Authored by doru1004 on Mar 10 2023, 3:23 PM.

Details

Summary

This patch adds support for pragma omp critical regions when offloading to AMD devices.

Diff Detail

Event Timeline

doru1004 created this revision.Mar 10 2023, 3:23 PM
Herald added a project: Restricted Project. · View Herald TranscriptMar 10 2023, 3:23 PM
doru1004 requested review of this revision.Mar 10 2023, 3:23 PM
doru1004 updated this revision to Diff 504827.Mar 13 2023, 1:23 PM
doru1004 updated this revision to Diff 504836.Mar 13 2023, 1:40 PM

Maybe we should define omp_lock_t as uint32_t on AMDGPU?

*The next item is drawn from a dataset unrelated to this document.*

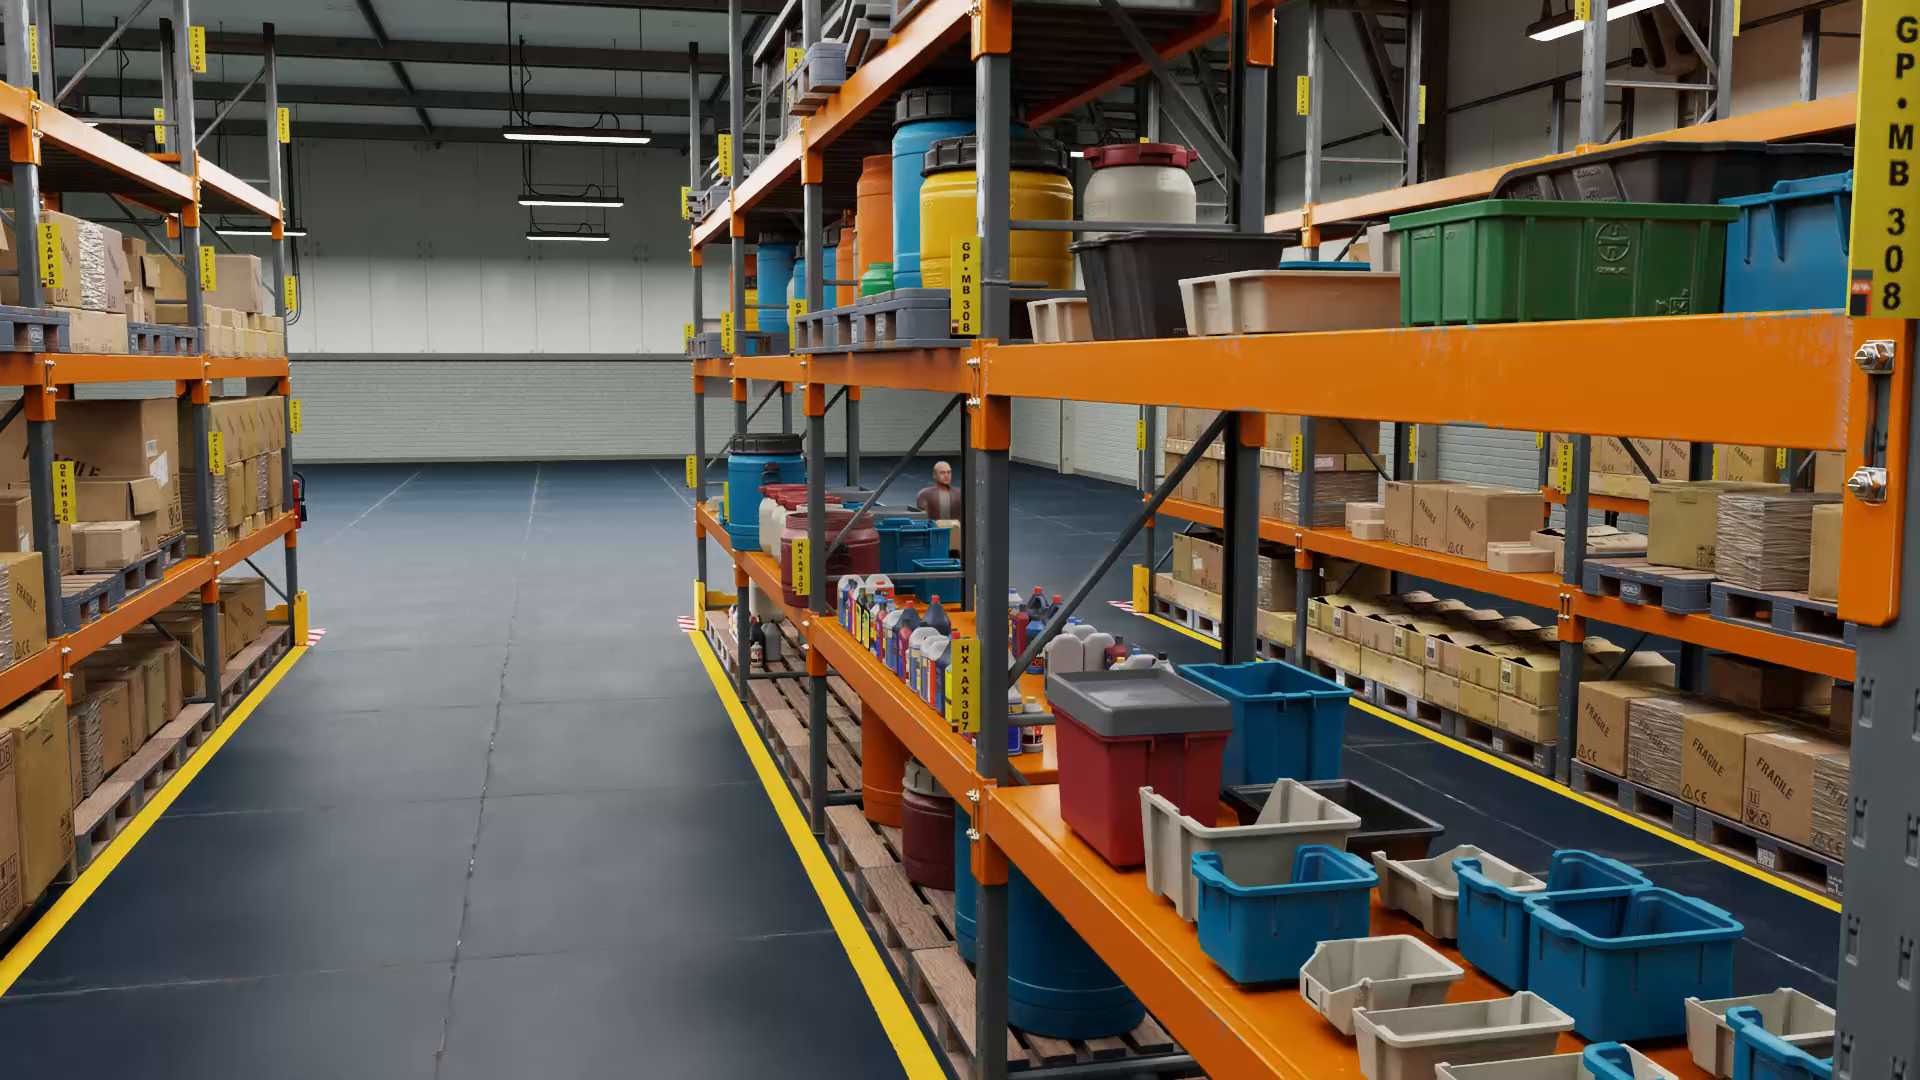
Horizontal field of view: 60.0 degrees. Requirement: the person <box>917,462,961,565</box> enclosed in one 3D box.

openmp/libomptarget/DeviceRTL/src/Synchronization.cpp
281

This doesn't work. You check the lock first, then you set it.
It has to be an atomic step. Use an atomicCAS, the result tells you if it worked/if it is now set. This is the setLock code w/o the while. You can even call this in the while below.

289
293

Shouldn't the release and acquire semantics be part of this CAS?
If we run relaxed who is to say we see the update of another thread. I would have assumed on failure we want an acquire fence and on success a release fence. Not sure if we need additional ones.

doru1004 added inline comments.Mar 15 2023, 1:17 PM
openmp/libomptarget/DeviceRTL/src/Synchronization.cpp
293

The idea is that the thread only executes the acquire once when it enters the critical region to prevent it from being executed at every iteration of the loop (which comes with performance penalties if it happens).

I would like to understand why you say there's a chance we don't see the update of another thread. The unsetting of the lock is happening here:

void unsetLock(omp_lock_t *Lock) {
  (void)atomicExchange((uint32_t *)Lock, UNSET, atomic::acq_rel);
}
doru1004 updated this revision to Diff 505607.Mar 15 2023, 1:20 PM
doru1004 marked 2 inline comments as done.
jdoerfert added inline comments.Mar 15 2023, 3:48 PM
openmp/libomptarget/DeviceRTL/src/Synchronization.cpp
293

The relaxed unset doesn't make other memory effects visible to a thread that takes the lock next. I believe it should come with a proper fence, hence be atomic::release.

Similarly, I am not sure if the update of the lock itself is guaranteed to be observed if the update and check are relaxed.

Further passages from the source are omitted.